PROBLEM DESCRIPTION:
Give the listing back in full, exactly as written, with the pictures removed.

SUPPLIED DATA:
◇ ◇ ◇ ◇

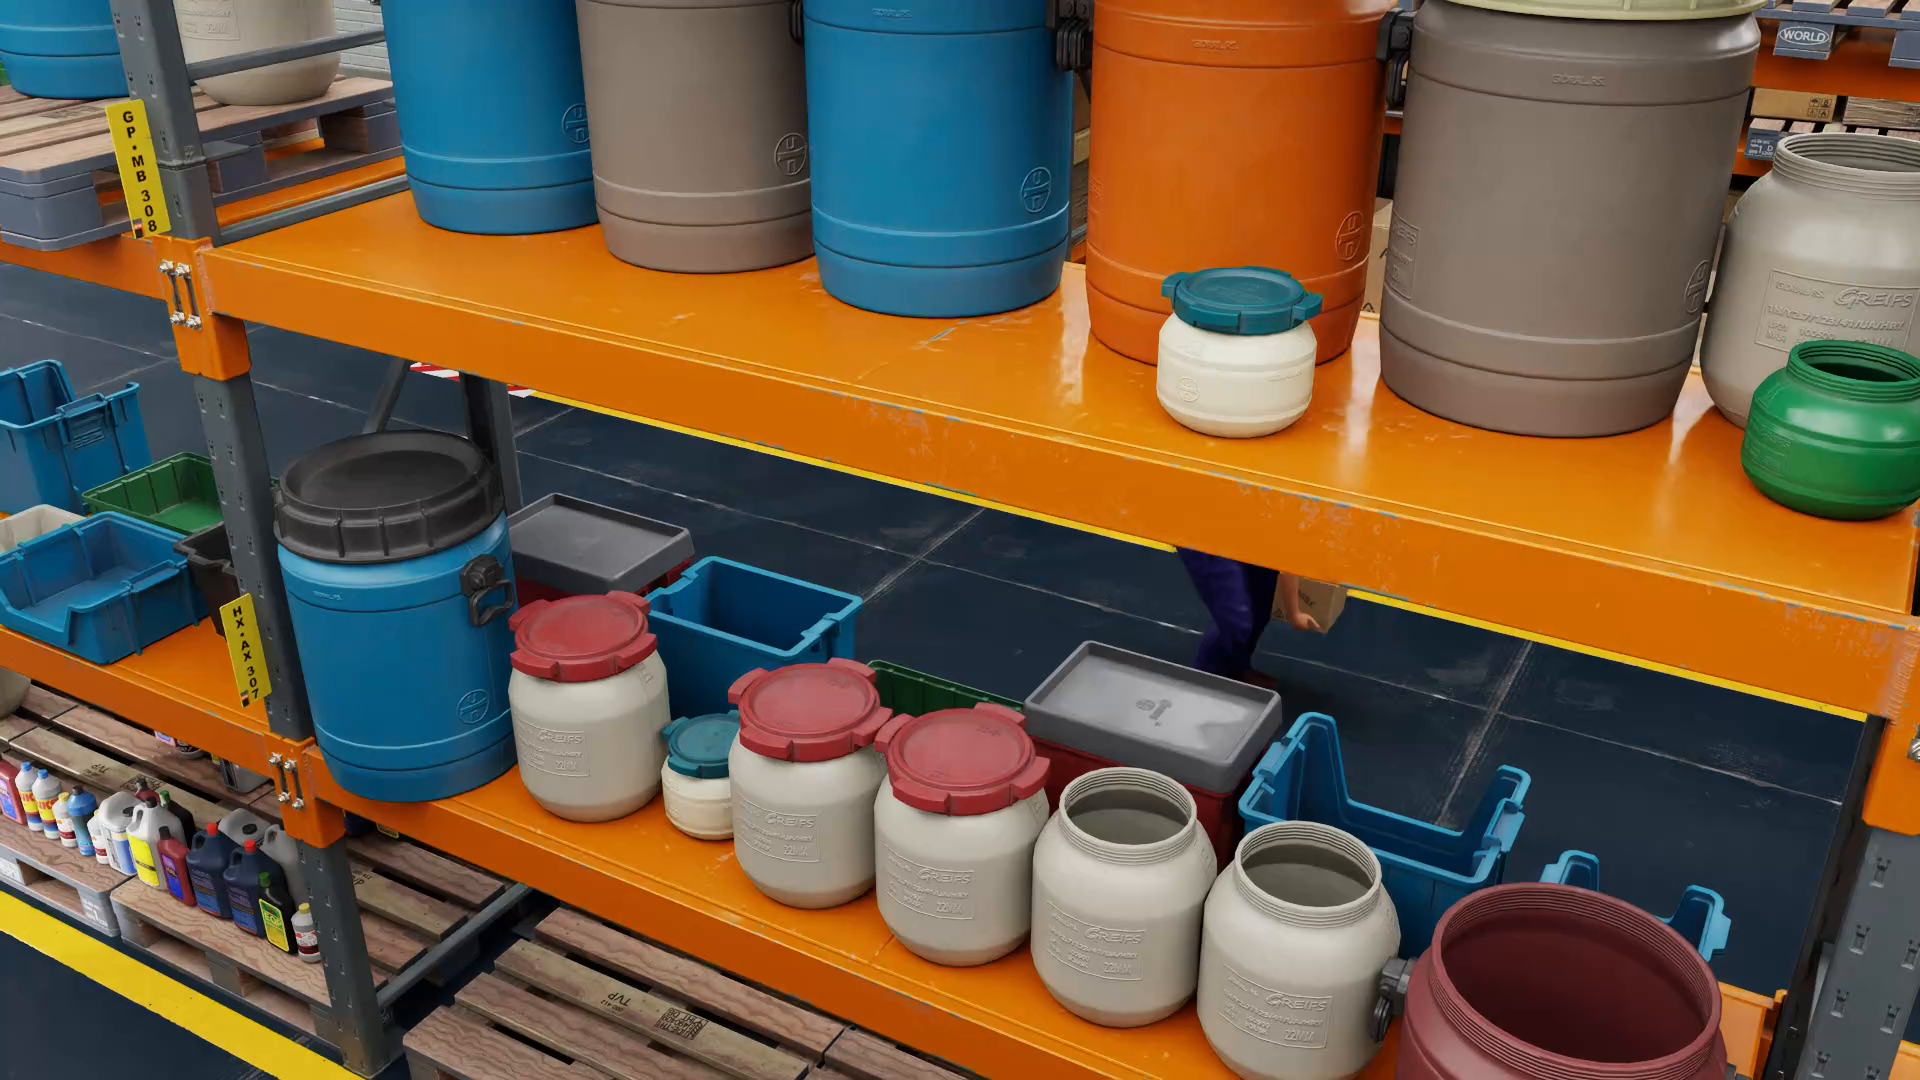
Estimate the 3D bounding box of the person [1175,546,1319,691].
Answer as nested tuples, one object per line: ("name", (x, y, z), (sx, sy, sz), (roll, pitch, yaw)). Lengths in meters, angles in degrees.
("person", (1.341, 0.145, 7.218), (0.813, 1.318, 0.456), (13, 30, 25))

◇ ◇ ◇ ◇

REPLY TO THE TASK:
Estimate the 3D bounding box of the person [1175,546,1319,691].
Answer as nested tuples, one object per line: ("name", (x, y, z), (sx, sy, sz), (roll, pitch, yaw)). Lengths in meters, angles in degrees.
("person", (1.341, 0.145, 7.218), (0.813, 1.318, 0.456), (13, 30, 25))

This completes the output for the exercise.